ZEMAX's tolerancer is one of the most powerful in the world, and supports a flexible tolerancing procedure. First, design your lens, and optimise it. Once you are satisfied with it, it is time to add in the effects of tolerances.

tolerancing_dialog.gif (10177 bytes)

ZEMAX' default tolerance dialog box (above) allows you to set default tolerances for surface and elements. Once the defaults have been set, you can edit them to represent exactly your manufacturing capability. For example, one lens may be a catalogue lens whilst others are made specifically for you. In this case, you need to be able to specify different tolerances for different surfaces.

Many additional toleranced may be defined, including aspheric constants, lens group decentrations and tilts, solve and parameter tolerances, and many more.

Compensators may then be defined. These represent any adjustments that can be made to the design during manufacture or assembly. For example, a mirror may be held in an adjustable mount, and this adjustment may allow you to compensate for manufacturing error of the mirror and other components. Compensators may include distances, tilts and positions of surfaces and groups of elements.
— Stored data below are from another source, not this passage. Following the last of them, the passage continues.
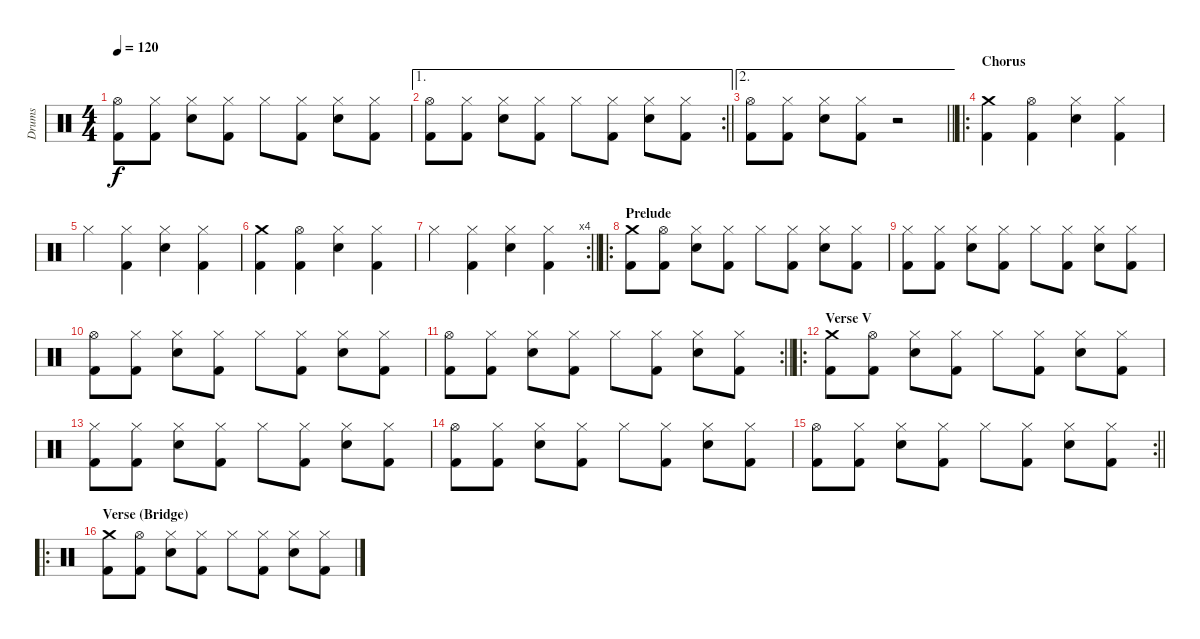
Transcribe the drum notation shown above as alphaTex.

\track ("Drums" "Drums") {instrument percussion}
\staff {score}
\articulation defaults
\ts (4 4)
\tempo 120
\clef neutral
\ks c
("Kick (hit) 2" "Hi-Hat (open)").8{dy f} ("Kick (hit) 2" "Hi-Hat (closed)").8 ("Snare (hit) 2" "Hi-Hat (closed)").8 ("Kick (hit) 2" "Hi-Hat (closed)").8 "Hi-Hat (closed)".8 ("Kick (hit) 2" "Hi-Hat (closed)").8 ("Snare (hit) 2" "Hi-Hat (closed)").8 ("Kick (hit) 2" "Hi-Hat (closed)").8 |
\ae 1
\rc 2
\barLineRight lightlight
("Kick (hit) 2" "Hi-Hat (open)").8 ("Kick (hit) 2" "Hi-Hat (closed)").8 ("Snare (hit) 2" "Hi-Hat (closed)").8 ("Kick (hit) 2" "Hi-Hat (closed)").8 "Hi-Hat (closed)".8 ("Kick (hit) 2" "Hi-Hat (closed)").8 ("Snare (hit) 2" "Hi-Hat (closed)").8 ("Kick (hit) 2" "Hi-Hat (closed)").8 |
\ae 2
\barLineRight lightlight
("Kick (hit) 2" "Hi-Hat (open)").8 ("Kick (hit) 2" "Hi-Hat (closed)").8 ("Snare (hit) 2" "Hi-Hat (closed)").8 ("Kick (hit) 2" "Hi-Hat (closed)").8 r.2 |
\ro
\section ("" "Chorus")
("Kick (hit) 2" "Crash medium (hit)").4 ("Kick (hit) 2" "Hi-Hat (open)").4 ("Snare (hit) 2" "Hi-Hat (closed)").4 ("Kick (hit) 2" "Hi-Hat (closed)").4 |
"Hi-Hat (closed)".4 ("Kick (hit) 2" "Hi-Hat (closed)").4 ("Snare (hit) 2" "Hi-Hat (closed)").4 ("Kick (hit) 2" "Hi-Hat (closed)").4 |
("Kick (hit) 2" "Crash medium (hit)").4 ("Kick (hit) 2" "Hi-Hat (open)").4 ("Snare (hit) 2" "Hi-Hat (closed)").4 ("Kick (hit) 2" "Hi-Hat (closed)").4 |
\rc 4
\barLineRight lightlight "Hi-Hat (closed)".4
("Kick (hit) 2" "Hi-Hat (closed)").4 ("Snare (hit) 2" "Hi-Hat (closed)").4 ("Kick (hit) 2" "Hi-Hat (closed)").4 |
\ro
\section ("" "Prelude")
("Kick (hit) 2" "Crash medium (hit)").8 ("Kick (hit) 2" "Hi-Hat (open)").8 ("Snare (hit) 2" "Hi-Hat (closed)").8 ("Kick (hit) 2" "Hi-Hat (closed)").8 "Hi-Hat (closed)".8 ("Kick (hit) 2" "Hi-Hat (closed)").8 ("Snare (hit) 2" "Hi-Hat (closed)").8 ("Kick (hit) 2" "Hi-Hat (closed)").8 |
("Kick (hit) 2" "Hi-Hat (closed)").8 ("Kick (hit) 2" "Hi-Hat (closed)").8 ("Snare (hit) 2" "Hi-Hat (closed)").8 ("Kick (hit) 2" "Hi-Hat (closed)").8 "Hi-Hat (closed)".8 ("Kick (hit) 2" "Hi-Hat (closed)").8 ("Snare (hit) 2" "Hi-Hat (closed)").8 ("Kick (hit) 2" "Hi-Hat (closed)").8 |
("Kick (hit) 2" "Hi-Hat (open)").8 ("Kick (hit) 2" "Hi-Hat (closed)").8 ("Snare (hit) 2" "Hi-Hat (closed)").8 ("Kick (hit) 2" "Hi-Hat (closed)").8 "Hi-Hat (closed)".8 ("Kick (hit) 2" "Hi-Hat (closed)").8 ("Snare (hit) 2" "Hi-Hat (closed)").8 ("Kick (hit) 2" "Hi-Hat (closed)").8 |
\rc 2
\barLineRight lightlight
("Kick (hit) 2" "Hi-Hat (open)").8 ("Kick (hit) 2" "Hi-Hat (closed)").8 ("Snare (hit) 2" "Hi-Hat (closed)").8 ("Kick (hit) 2" "Hi-Hat (closed)").8 "Hi-Hat (closed)".8 ("Kick (hit) 2" "Hi-Hat (closed)").8 ("Snare (hit) 2" "Hi-Hat (closed)").8 ("Kick (hit) 2" "Hi-Hat (closed)").8 |
\ro
\section ("" "Verse V")
("Kick (hit) 2" "Crash medium (hit)").8 ("Kick (hit) 2" "Hi-Hat (open)").8 ("Snare (hit) 2" "Hi-Hat (closed)").8 ("Kick (hit) 2" "Hi-Hat (closed)").8 "Hi-Hat (closed)".8 ("Kick (hit) 2" "Hi-Hat (closed)").8 ("Snare (hit) 2" "Hi-Hat (closed)").8 ("Kick (hit) 2" "Hi-Hat (closed)").8 |
("Kick (hit) 2" "Hi-Hat (closed)").8 ("Kick (hit) 2" "Hi-Hat (closed)").8 ("Snare (hit) 2" "Hi-Hat (closed)").8 ("Kick (hit) 2" "Hi-Hat (closed)").8 "Hi-Hat (closed)".8 ("Kick (hit) 2" "Hi-Hat (closed)").8 ("Snare (hit) 2" "Hi-Hat (closed)").8 ("Kick (hit) 2" "Hi-Hat (closed)").8 |
("Kick (hit) 2" "Hi-Hat (open)").8 ("Kick (hit) 2" "Hi-Hat (closed)").8 ("Snare (hit) 2" "Hi-Hat (closed)").8 ("Kick (hit) 2" "Hi-Hat (closed)").8 "Hi-Hat (closed)".8 ("Kick (hit) 2" "Hi-Hat (closed)").8 ("Snare (hit) 2" "Hi-Hat (closed)").8 ("Kick (hit) 2" "Hi-Hat (closed)").8 |
\rc 2
\barLineRight lightlight
("Kick (hit) 2" "Hi-Hat (open)").8 ("Kick (hit) 2" "Hi-Hat (closed)").8 ("Snare (hit) 2" "Hi-Hat (closed)").8 ("Kick (hit) 2" "Hi-Hat (closed)").8 "Hi-Hat (closed)".8 ("Kick (hit) 2" "Hi-Hat (closed)").8 ("Snare (hit) 2" "Hi-Hat (closed)").8 ("Kick (hit) 2" "Hi-Hat (closed)").8 |
\ro
\section ("" "Verse (Bridge)")
("Kick (hit) 2" "Crash medium (hit)").8 ("Kick (hit) 2" "Hi-Hat (open)").8 ("Snare (hit) 2" "Hi-Hat (closed)").8 ("Kick (hit) 2" "Hi-Hat (closed)").8 "Hi-Hat (closed)".8 ("Kick (hit) 2" "Hi-Hat (closed)").8 ("Snare (hit) 2" "Hi-Hat (closed)").8 ("Kick (hit) 2" "Hi-Hat (closed)").8

You then need to tell ZEMAX what tolerance criteria to use. ZEMAX supports RMS spot size, wavefront error, MTF and any user-defined merit function.
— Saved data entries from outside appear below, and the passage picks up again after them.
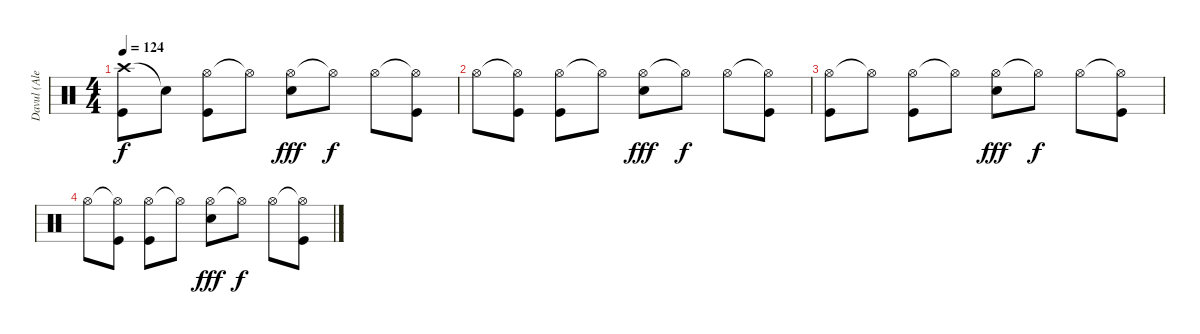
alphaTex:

\track ("Davul (Alen)" "Davul (Ale") {instrument percussion}
\staff {score}
\articulation defaults
\ts (4 4)
\tempo 124
\clef neutral
\ks c
("Crash high (hit)" "Kick (hit)").8{dy f volume 4} "Snare (hit)"{t}.8 ("Hi-Hat (open)" "Kick (hit)").8 "Hi-Hat (open)"{t}.8 ("Hi-Hat (open)" "Electric Snare (hit)").8{dy fff} "Hi-Hat (open)"{t}.8{dy f} "Hi-Hat (open)".8 ("Hi-Hat (open)"{t} "Kick (hit)").8 |
"Hi-Hat (open)".8 ("Hi-Hat (open)"{t} "Kick (hit)").8 ("Hi-Hat (open)" "Kick (hit)").8 "Hi-Hat (open)"{t}.8 ("Hi-Hat (open)" "Electric Snare (hit)").8{dy fff} "Hi-Hat (open)"{t}.8{dy f} "Hi-Hat (open)".8 ("Hi-Hat (open)"{t} "Kick (hit)").8 |
("Hi-Hat (open)" "Kick (hit)").8 "Hi-Hat (open)"{t}.8 ("Hi-Hat (open)" "Kick (hit)").8 "Hi-Hat (open)"{t}.8 ("Hi-Hat (open)" "Electric Snare (hit)").8{dy fff} "Hi-Hat (open)"{t}.8{dy f} "Hi-Hat (open)".8 ("Hi-Hat (open)"{t} "Kick (hit)").8 |
"Hi-Hat (open)".8 ("Hi-Hat (open)"{t} "Kick (hit)").8 ("Hi-Hat (open)" "Kick (hit)").8 "Hi-Hat (open)"{t}.8 ("Hi-Hat (open)" "Electric Snare (hit)").8{dy fff} "Hi-Hat (open)"{t}.8{dy f} "Hi-Hat (open)".8 ("Hi-Hat (open)"{t} "Kick (hit)").8

tolerancing_dialog.gif (10177 bytes)


ZEMAX then conducts a two part analysis. The first part is a sensitivity analysis where each tolerance is considered independently. The optimum value of each compensator is determined along with the change in the merit function. The second part is a Monte Carlo analysis where random systems are generated with user defined statistics and all tolerances are considered at once. ZEMAX then generates a report describing the results. The tolerances can then be modified if required and the process repeated.

The tolerancing report summarises:

The expected change in performance due to individual tolerances
The expected variation in performance when a large number of in-tolerance systems are built
The expected range of compensator adjustment

and gives detailed breakdowns of this data. Tolerance data can be listed field-by-field, and Monte Carlo systems saved to disk for subsequent analysis to help you understand the production behaviour of your systems.